WORK ITEM :: Across the material below, how many lines hold the word "list"? Only the number should be given.

TASK INPUT ::
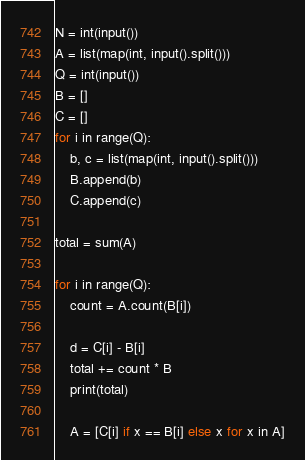<code> <loc_0><loc_0><loc_500><loc_500><_Python_>N = int(input())
A = list(map(int, input().split()))
Q = int(input())
B = []
C = []
for i in range(Q):
    b, c = list(map(int, input().split()))
    B.append(b)
    C.append(c)

total = sum(A)

for i in range(Q):
    count = A.count(B[i])

    d = C[i] - B[i]
    total += count * B
    print(total)

    A = [C[i] if x == B[i] else x for x in A]
</code> 
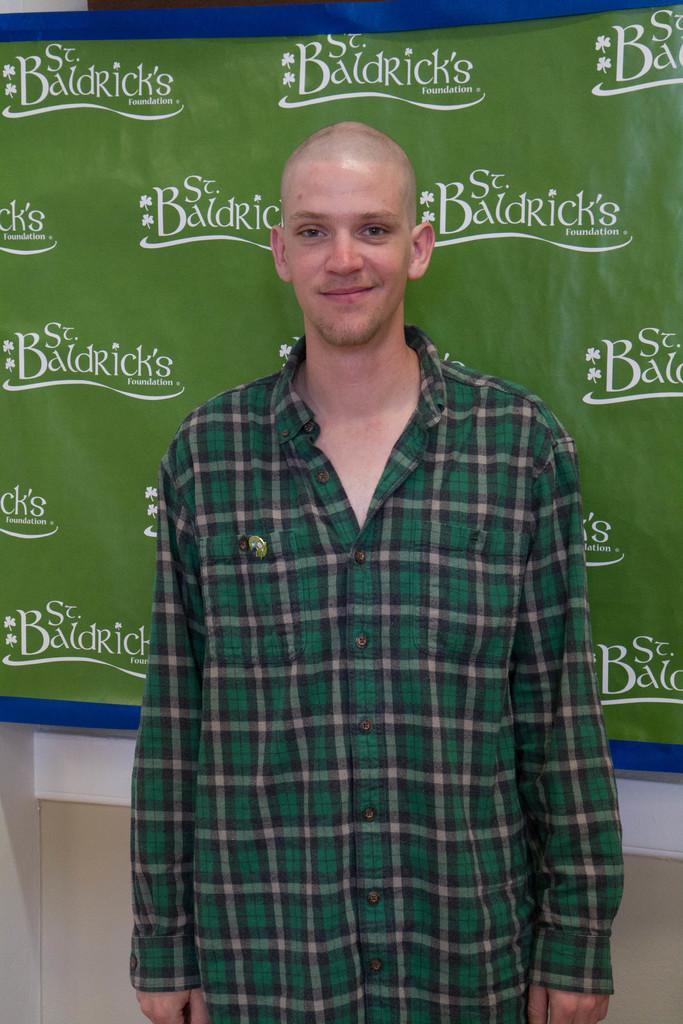Please provide a concise description of this image. In this image we can see a man and he is smiling. In the background we can see a banner and wall. On the banner we can see something is written on it.

RESULT OF THE EXERCISE :: 2